(d)

$(a)$ Mass $m$ is at height $H$ from point $Q$, where potential energy is taken zero.

From geometry of above figure, if at some angle $\theta$, height of mass $m$ above lowest point $Q$ is $h$, then from $\triangle A B C$,

$\cos \theta=\frac{R-h}{R} \Rightarrow h=R(1-\cos \theta)$

Hence, potential energy of $m$ as a function of $\theta$ is

$PE =U(\theta)=m g h$

$\Rightarrow U(\theta)=m g R(1-\cos \theta)$

$(b)$ Kinetic energy at position $\theta=$ Loss of potential energy that occurred in reaching this position

$\Rightarrow$ Kinetic energy is $K(\theta)=m g H-U(\theta)$

$\Rightarrow K(\theta) =m g H-m g R(1-\cos \theta)$

$=m g(H-R(1-\cos \theta))$

$(c)$ For $H << R$

$T=\frac{1}{2 \pi} \sqrt{\frac{R}{g}}$

Time taken to travel from $P$ to $Q$ is one-fourth of this time period. i.e.
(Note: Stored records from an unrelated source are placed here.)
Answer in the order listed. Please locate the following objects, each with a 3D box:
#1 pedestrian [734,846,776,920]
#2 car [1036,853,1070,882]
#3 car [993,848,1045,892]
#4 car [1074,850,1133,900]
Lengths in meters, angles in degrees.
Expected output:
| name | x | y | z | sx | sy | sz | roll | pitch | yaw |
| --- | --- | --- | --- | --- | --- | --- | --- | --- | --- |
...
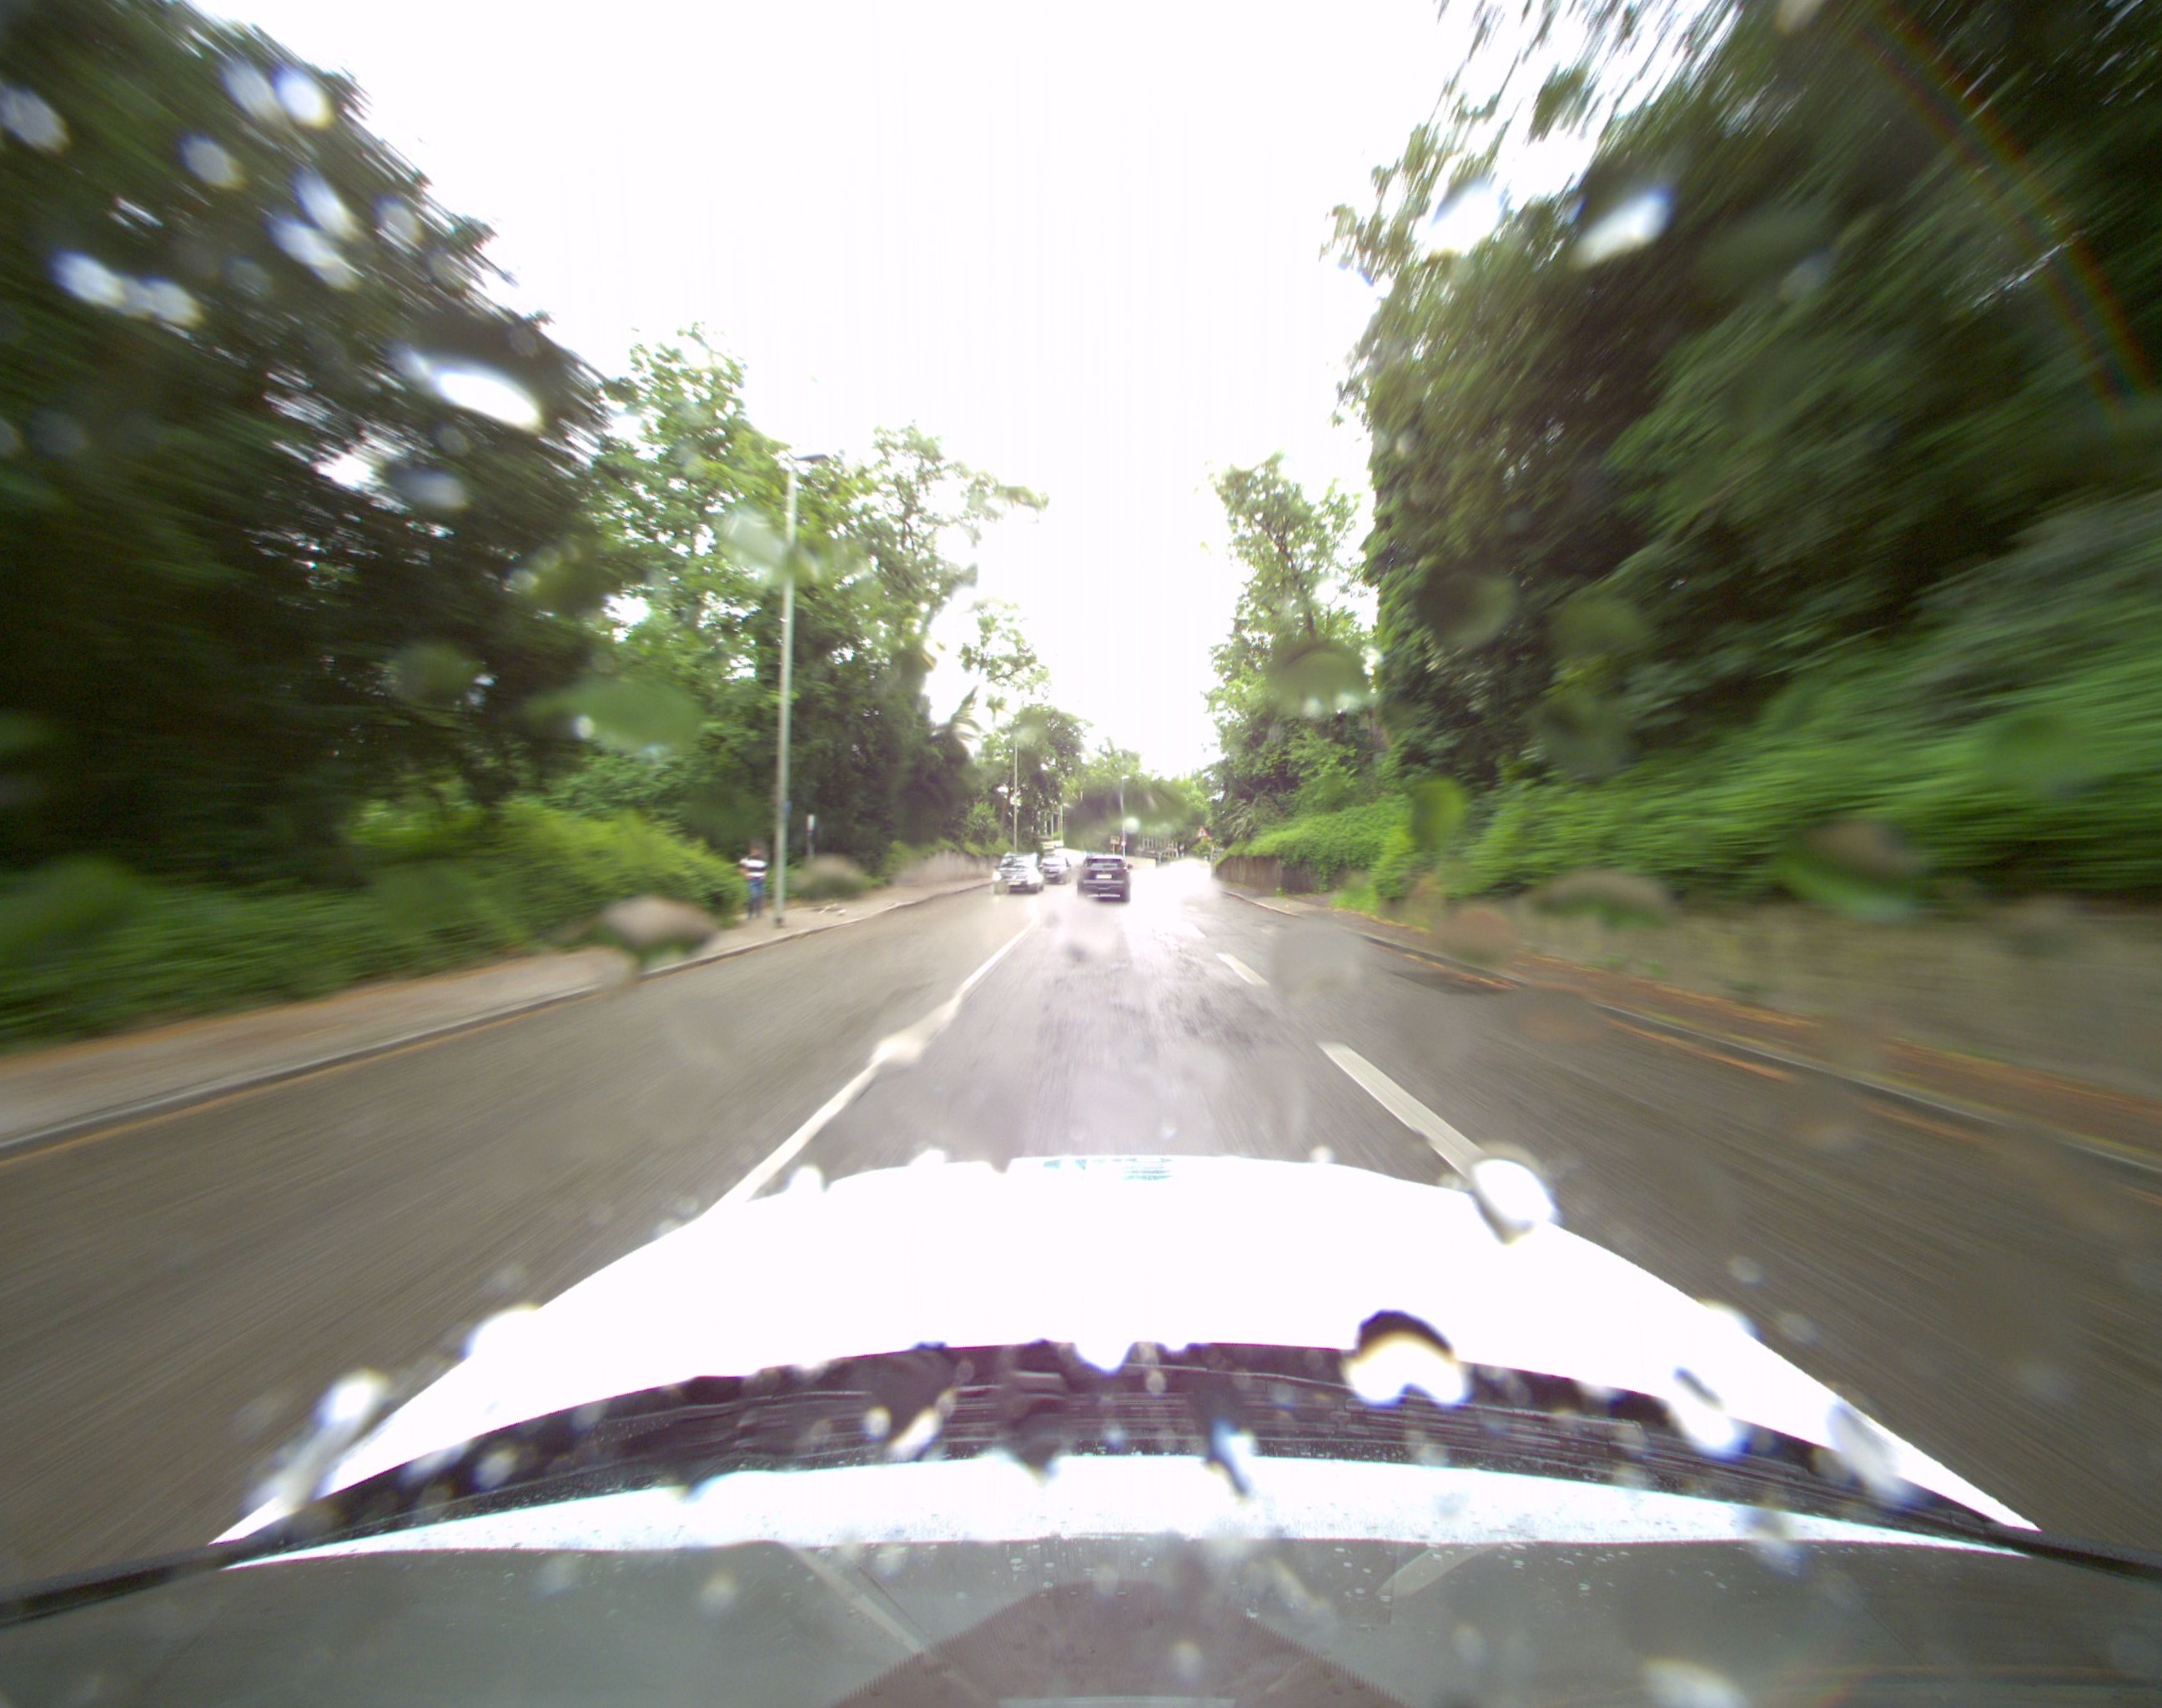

$t=\frac{1}{8 \pi} \sqrt{\frac{R}{g}}$

$(d)$ From energy conservation at lowest point, if $m$ has velocity $v$, then

$\frac{1}{2} m v^2 =m g H$

$\Rightarrow m v^2 =2 m g H \text { or } \frac{m v^2}{R}=\frac{2 m g H}{R}$

But this centripetal force is resultant of force of normal reaction $N$ and weight of body.

$\Rightarrow N-m g=\frac{m v^2}{R}$

$\Rightarrow N=m g+\frac{2 m g H}{R}$

$\Rightarrow N=m g(1+\frac{2 H}{R})$

This is the force by block on the concave surface.